◆ DATA TO EXAMINE ◆
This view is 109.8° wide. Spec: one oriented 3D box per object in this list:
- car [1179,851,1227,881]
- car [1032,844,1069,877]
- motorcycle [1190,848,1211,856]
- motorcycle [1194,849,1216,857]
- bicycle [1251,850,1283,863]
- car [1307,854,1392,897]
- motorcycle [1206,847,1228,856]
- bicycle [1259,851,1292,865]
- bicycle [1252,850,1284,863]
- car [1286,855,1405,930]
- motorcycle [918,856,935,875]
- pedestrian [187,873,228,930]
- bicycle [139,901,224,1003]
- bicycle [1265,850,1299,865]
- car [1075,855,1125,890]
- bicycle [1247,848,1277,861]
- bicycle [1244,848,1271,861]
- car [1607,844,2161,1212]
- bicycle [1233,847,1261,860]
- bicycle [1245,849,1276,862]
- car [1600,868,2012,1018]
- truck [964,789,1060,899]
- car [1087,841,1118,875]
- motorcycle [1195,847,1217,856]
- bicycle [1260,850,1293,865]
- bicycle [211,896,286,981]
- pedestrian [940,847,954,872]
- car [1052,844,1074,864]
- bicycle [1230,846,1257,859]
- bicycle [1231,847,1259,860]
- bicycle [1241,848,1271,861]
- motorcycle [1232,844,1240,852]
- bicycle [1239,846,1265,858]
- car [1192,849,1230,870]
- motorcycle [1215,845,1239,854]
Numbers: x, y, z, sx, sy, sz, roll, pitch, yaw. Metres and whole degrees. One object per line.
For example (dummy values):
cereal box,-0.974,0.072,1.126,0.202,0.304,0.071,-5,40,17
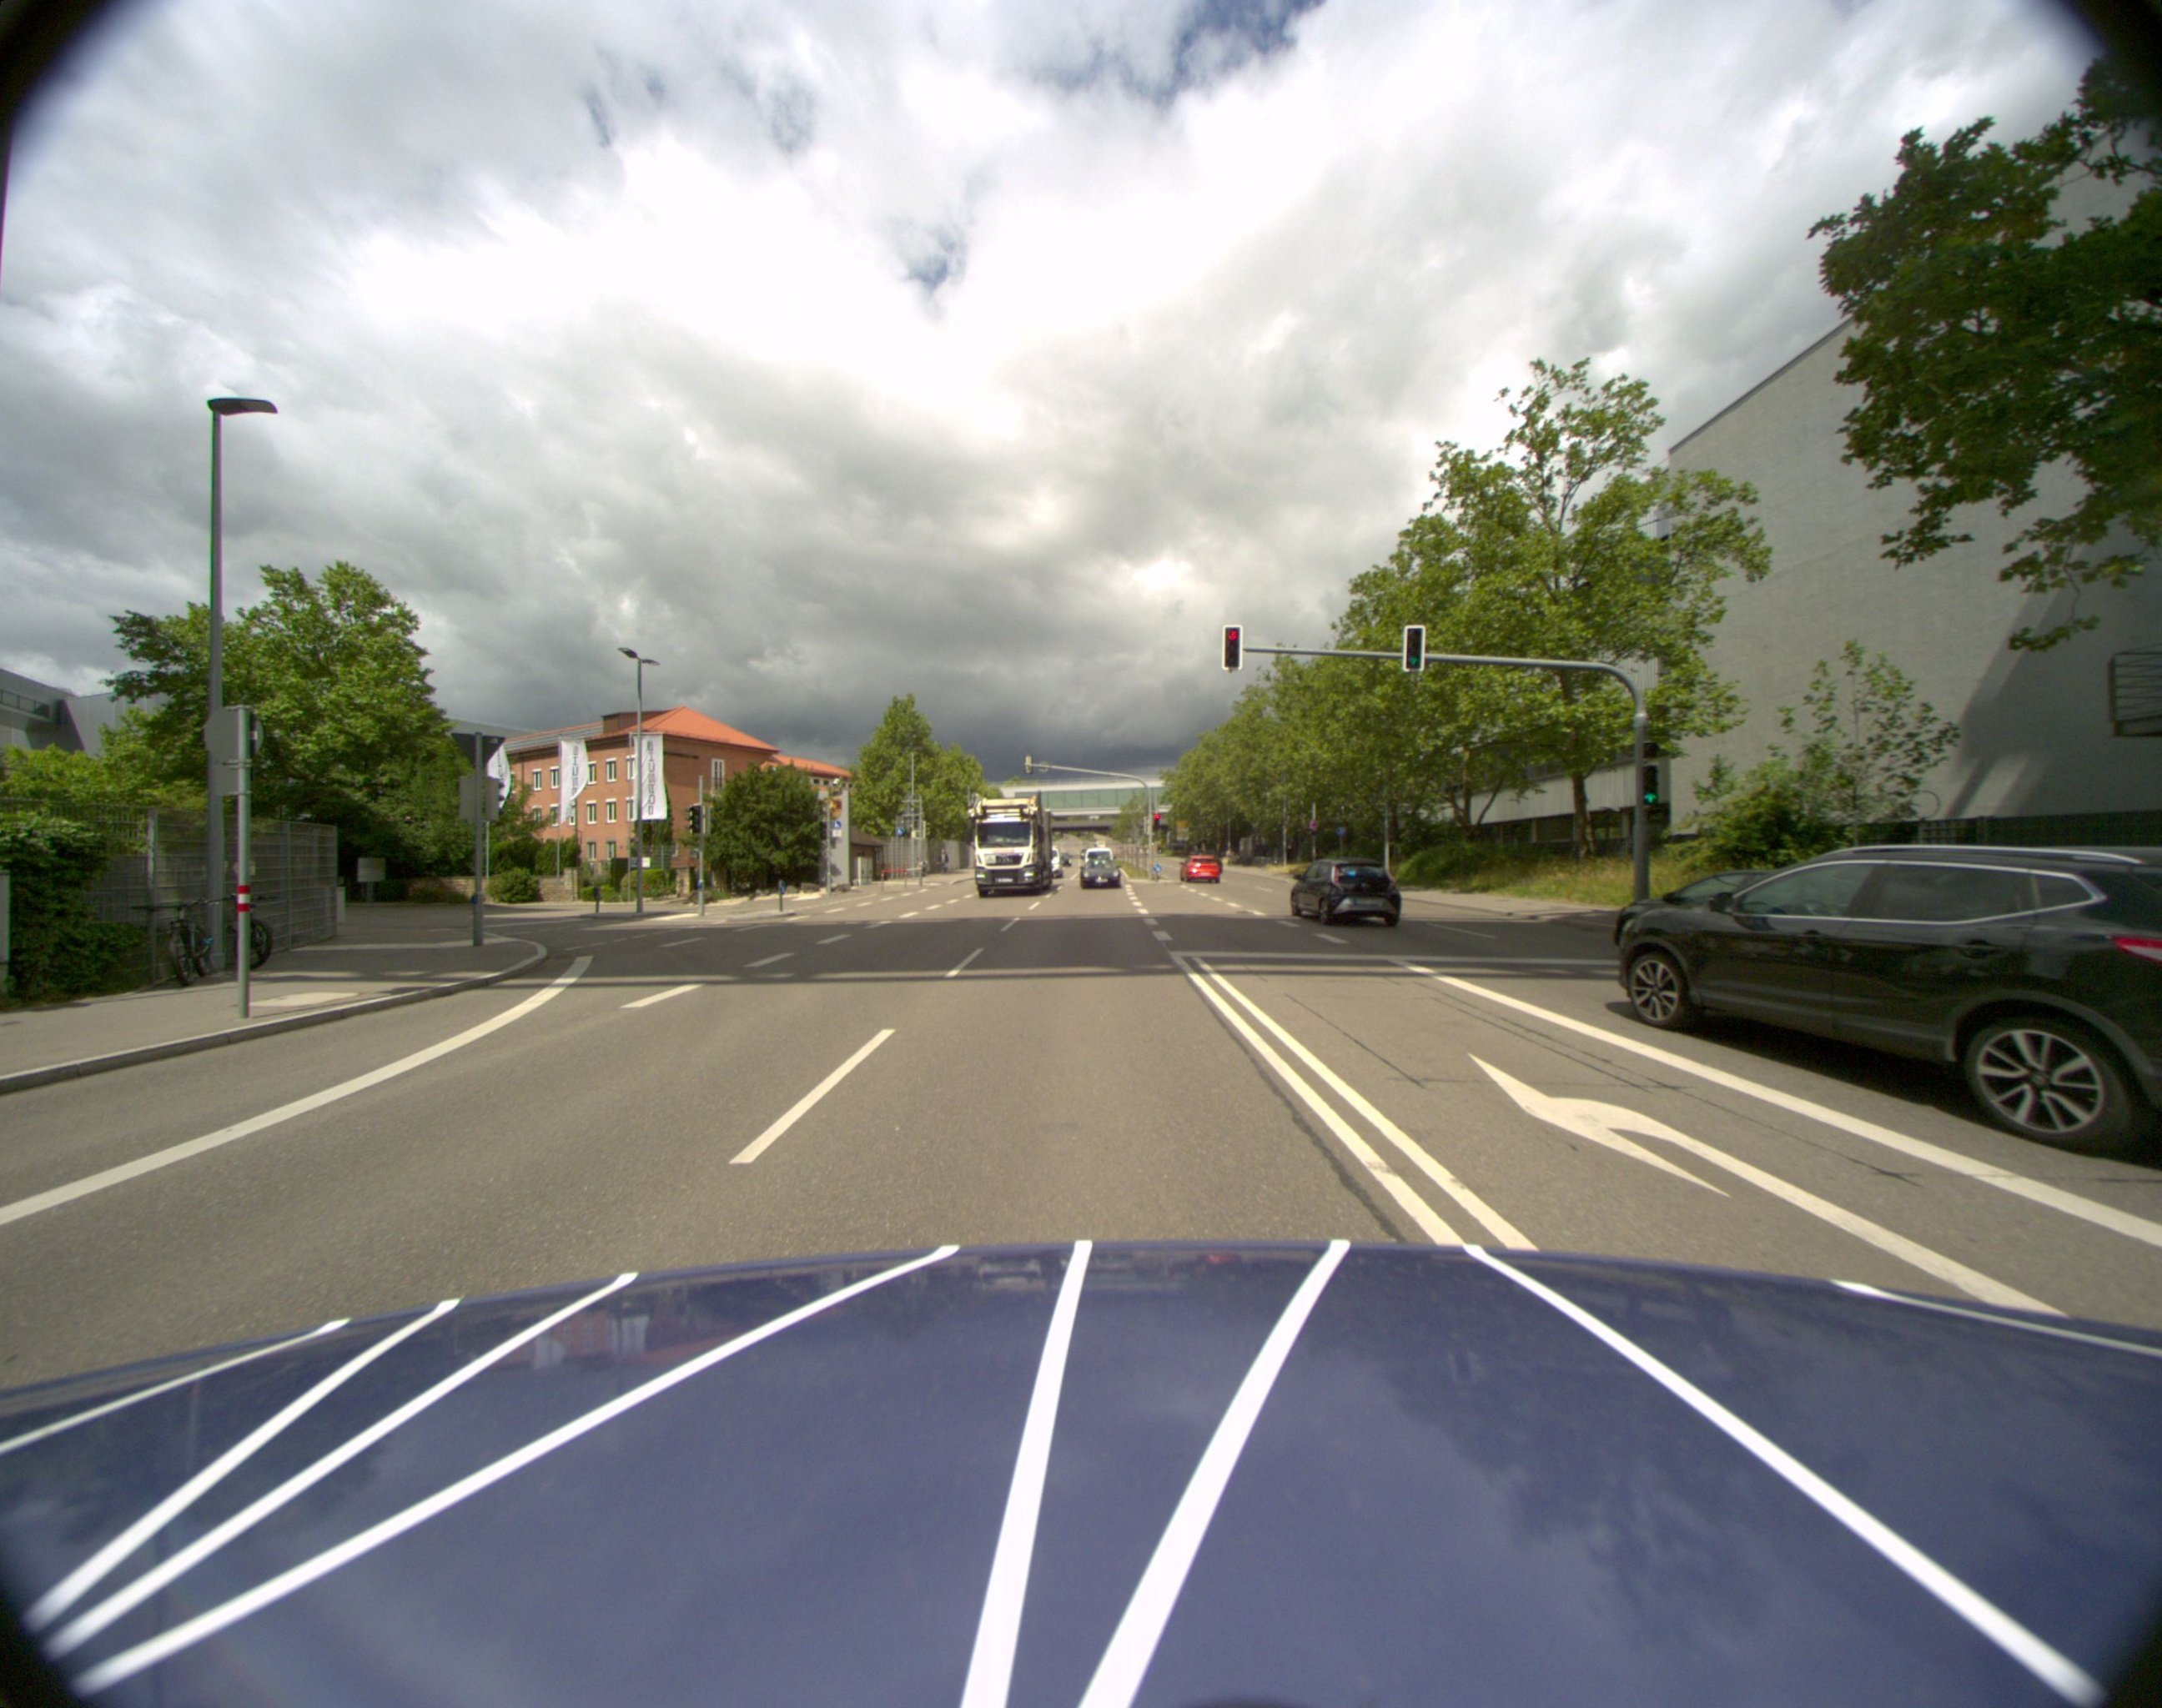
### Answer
car,6.417,0.589,40.234,1.889,1.446,3.902,1,1,0
car,-1.905,0.368,48.877,1.871,1.944,4.711,-2,1,2
motorcycle,17.002,-0.315,108.334,2.830,1.029,0.600,-2,-2,4
motorcycle,16.845,-0.121,103.387,2.830,1.029,0.600,-2,-2,4
bicycle,15.911,0.207,64.887,2.564,1.079,0.615,-2,1,-7
car,9.535,0.725,27.266,1.697,1.421,3.822,0,0,0
motorcycle,17.784,-0.359,99.321,2.829,1.029,0.600,-2,-2,7
bicycle,15.841,0.320,61.851,2.561,1.079,0.616,-2,1,7
bicycle,16.140,0.203,65.675,2.563,1.079,0.615,-2,1,-2
car,6.038,0.807,17.742,1.561,1.496,3.613,1,1,2
motorcycle,-10.005,0.729,49.290,0.570,1.219,2.175,0,1,1
pedestrian,-27.988,1.509,24.348,0.743,1.770,0.638,-1,1,30
bicycle,-11.530,1.197,9.724,1.964,1.121,0.547,0,-1,36
bicycle,16.009,0.299,60.626,2.561,1.079,0.616,-2,1,7
car,0.879,0.768,33.297,1.838,1.317,4.001,-3,0,5
bicycle,16.309,0.075,68.437,2.559,1.079,0.616,-2,1,14
bicycle,16.348,0.066,70.424,2.413,1.079,0.615,-2,1,0
car,5.839,0.787,5.077,1.740,1.674,4.213,1,1,1
bicycle,15.918,-0.051,72.810,2.562,1.171,0.615,-2,1,2
bicycle,15.968,0.148,67.646,2.561,1.079,0.628,-2,1,4
car,8.861,0.966,9.850,1.580,1.420,3.919,1,1,1
truck,-2.623,-0.429,32.851,2.713,3.863,10.741,-2,1,2
car,1.367,0.308,47.671,1.824,2.001,4.393,-1,-1,2
motorcycle,16.558,-0.366,100.558,2.830,1.029,0.600,-2,-2,4
bicycle,16.176,0.281,62.786,2.560,1.079,0.616,-2,1,9
bicycle,-12.474,1.220,11.370,1.881,1.121,0.547,0,0,36
pedestrian,-9.603,0.399,54.605,0.729,1.756,1.015,-2,1,1
car,-1.869,-0.063,79.924,1.871,1.944,4.711,-3,1,2
bicycle,15.920,-0.115,74.480,2.562,1.171,0.615,-2,1,2
bicycle,15.877,-0.051,73.527,2.562,1.171,0.615,-2,1,2
bicycle,16.022,0.056,69.529,2.561,1.079,0.616,-2,1,7
motorcycle,20.314,-0.785,99.726,0.599,1.029,2.591,-2,-2,4
bicycle,16.147,-0.198,71.870,2.411,1.079,0.616,-2,1,11
car,9.798,0.375,57.708,1.999,1.446,4.767,1,1,0
motorcycle,18.072,-0.509,93.797,2.830,1.029,0.600,-2,-2,4

◆ PROBLEM STATEMENT ◆
Find every line in the listing that holds the string "object", then say how many there are as a bare number.

◆ RESULT OF THE EXERCISE ◆
2